Focus On

Seizing the opportunity to change legal workplace | Charlene Theodore

Monday, November 23, 2020 @ 8:49 AM | By Charlene Theodore


Charlene Theodore %>
Charlene Theodore
To say that 2020 has been a difficult year would be an understatement. The COVID-19 pandemic has changed our lives dramatically, both at home and at work, while the protests and uprisings we witnessed this summer have laid bare the failure of our system to properly tackle racial inequality, including in the justice sector.

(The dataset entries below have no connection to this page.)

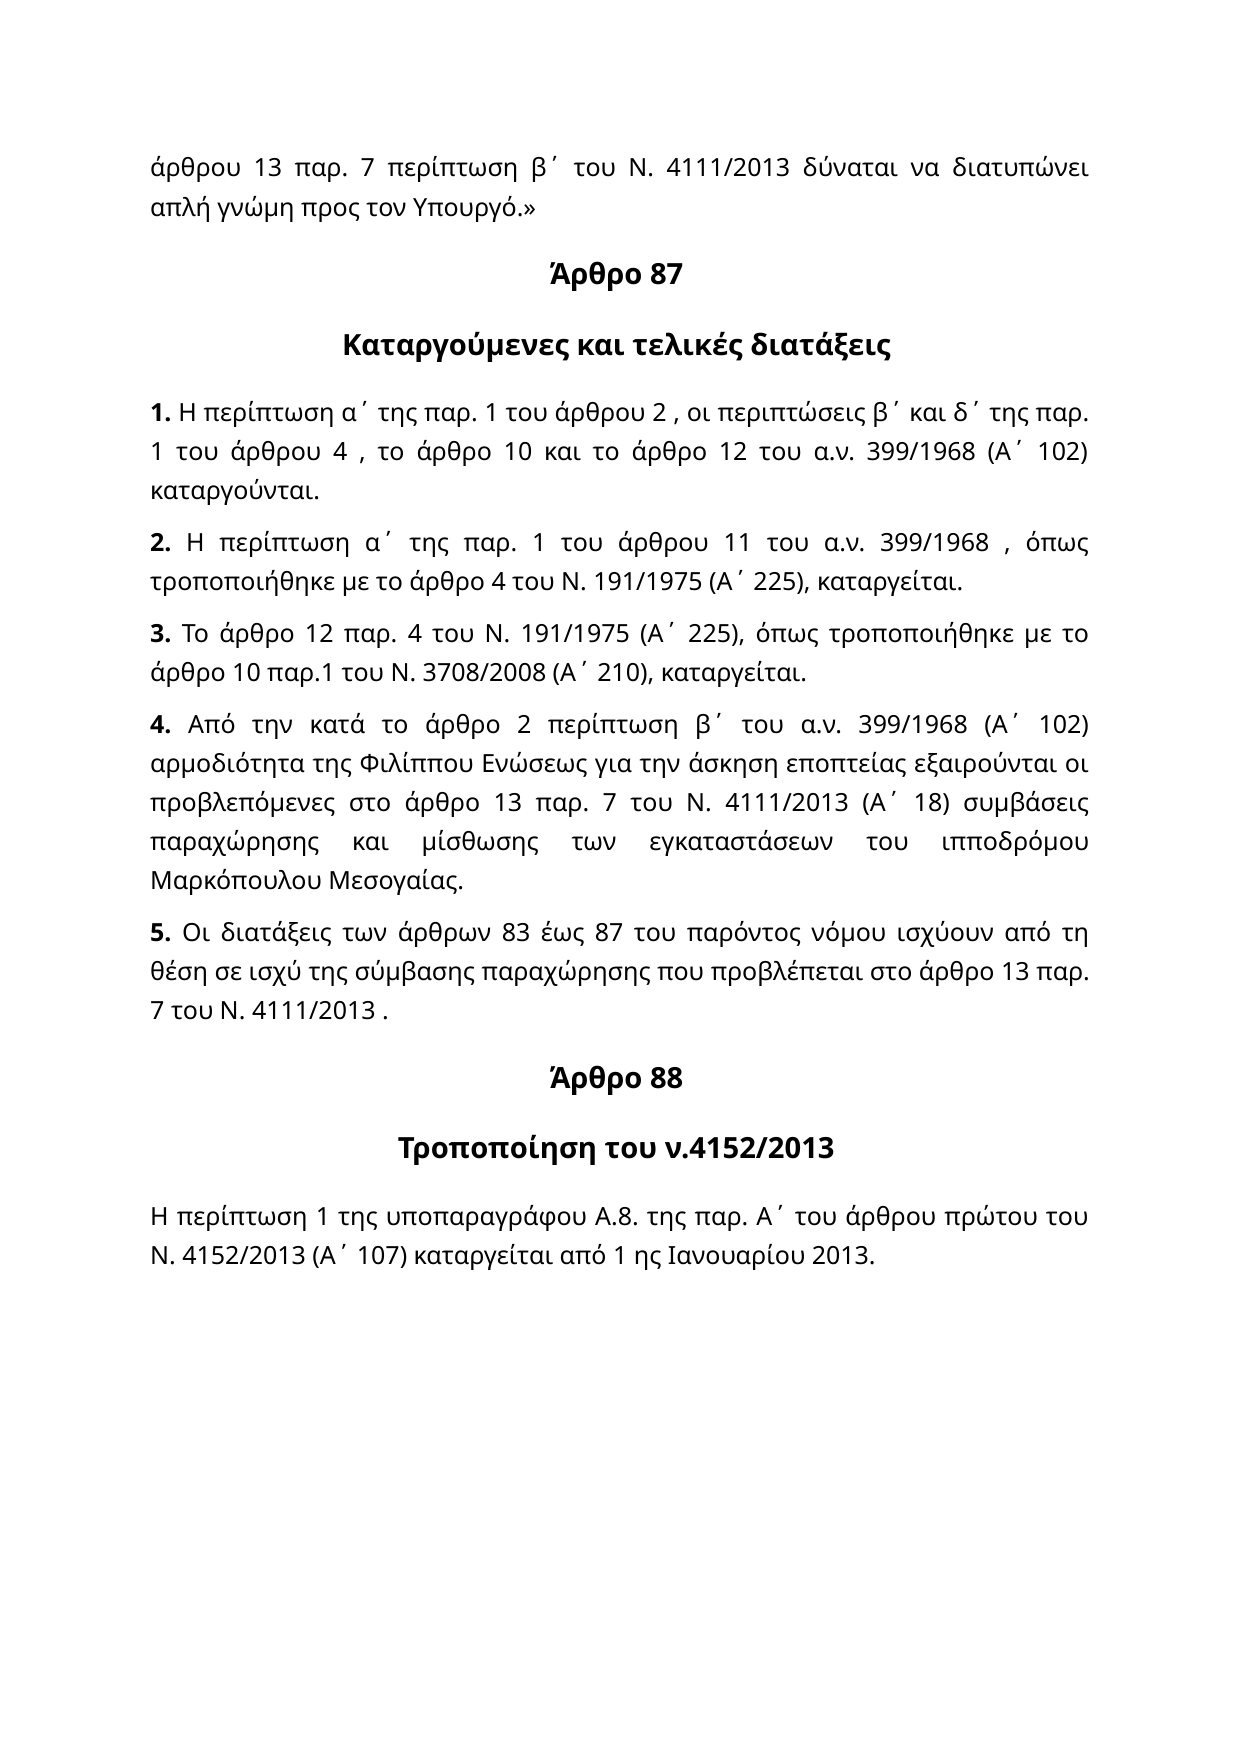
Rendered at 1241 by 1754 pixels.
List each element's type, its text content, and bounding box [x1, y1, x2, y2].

subtitle Καταργούμενες και τελικές διατάξεις [150, 324, 1090, 364]
text 4. Από την κατά το άρθρο 2 περίπτωση β΄ του α.ν. 399/1968 (Α΄ 102) αρμοδιότητα της Φιλίππου Ενώσεως για την άσκηση εποπτείας εξαιρούνται οι προβλεπόμενες στο άρθρο 13 παρ. 7 του Ν. 4111/2013 (Α΄ 18) συμβάσεις παραχώρησης και μίσθωσης των εγκαταστάσεων του ιπποδρόμου Μαρκόπουλου Μεσογαίας. [150, 706, 1090, 897]
text 2. Η περίπτωση α΄ της παρ. 1 του άρθρου 11 του α.ν. 399/1968 , όπως τροποποιήθηκε με το άρθρο 4 του Ν. 191/1975 (Α΄ 225), καταργείται. [150, 524, 1090, 598]
text 5. Οι διατάξεις των άρθρων 83 έως 87 του παρόντος νόμου ισχύουν από τη θέση σε ισχύ της σύμβασης παραχώρησης που προβλέπεται στο άρθρο 13 παρ. 7 του Ν. 4111/2013 . [150, 914, 1090, 1027]
text 1. Η περίπτωση α΄ της παρ. 1 του άρθρου 2 , οι περιπτώσεις β΄ και δ΄ της παρ. 1 του άρθρου 4 , το άρθρο 10 και το άρθρο 12 του α.ν. 399/1968 (Α΄ 102) καταργούνται. [150, 394, 1090, 507]
subtitle Άρθρο 88 [150, 1057, 1090, 1097]
subtitle Τροποποίηση του ν.4152/2013 [150, 1128, 1090, 1167]
text άρθρου 13 παρ. 7 περίπτωση β΄ του Ν. 4111/2013 δύναται να διατυπώνει απλή γνώμη προς τον Υπουργό.» [150, 150, 1090, 223]
subtitle Άρθρο 87 [150, 253, 1090, 293]
text Η περίπτωση 1 της υποπαραγράφου Α.8. της παρ. Α΄ του άρθρου πρώτου του Ν. 4152/2013 (Α΄ 107) καταργείται από 1 ης Ιανουαρίου 2013. [150, 1198, 1090, 1272]
text 3. Το άρθρο 12 παρ. 4 του Ν. 191/1975 (Α΄ 225), όπως τροποποιήθηκε με το άρθρο 10 παρ.1 του Ν. 3708/2008 (Α΄ 210), καταργείται. [150, 615, 1090, 689]

While this has certainly presented challenges, I am also aware of the opportunities that are now before us.

When I took over the presidency of the Ontario Bar Association (OBA) back in September, I made the commitment to help our members take advantage of today’s reimagining of the workplace. We are in the midst of a time where we can build optimal, modern, healthy and productive legal workplaces — ones that send lawyers fighting fit into the world to do battle for justice.

My presidential mandate — Work that Works — is designed to provide tools, education and other resources to build workplaces that work for the lawyers inside them, as well as the clients who rely on them. I’m talking about workplaces that value experience and a fresh approach, are meaningful, but also profitable, can innovate and harness the power of technology and the awesome power of humanity.  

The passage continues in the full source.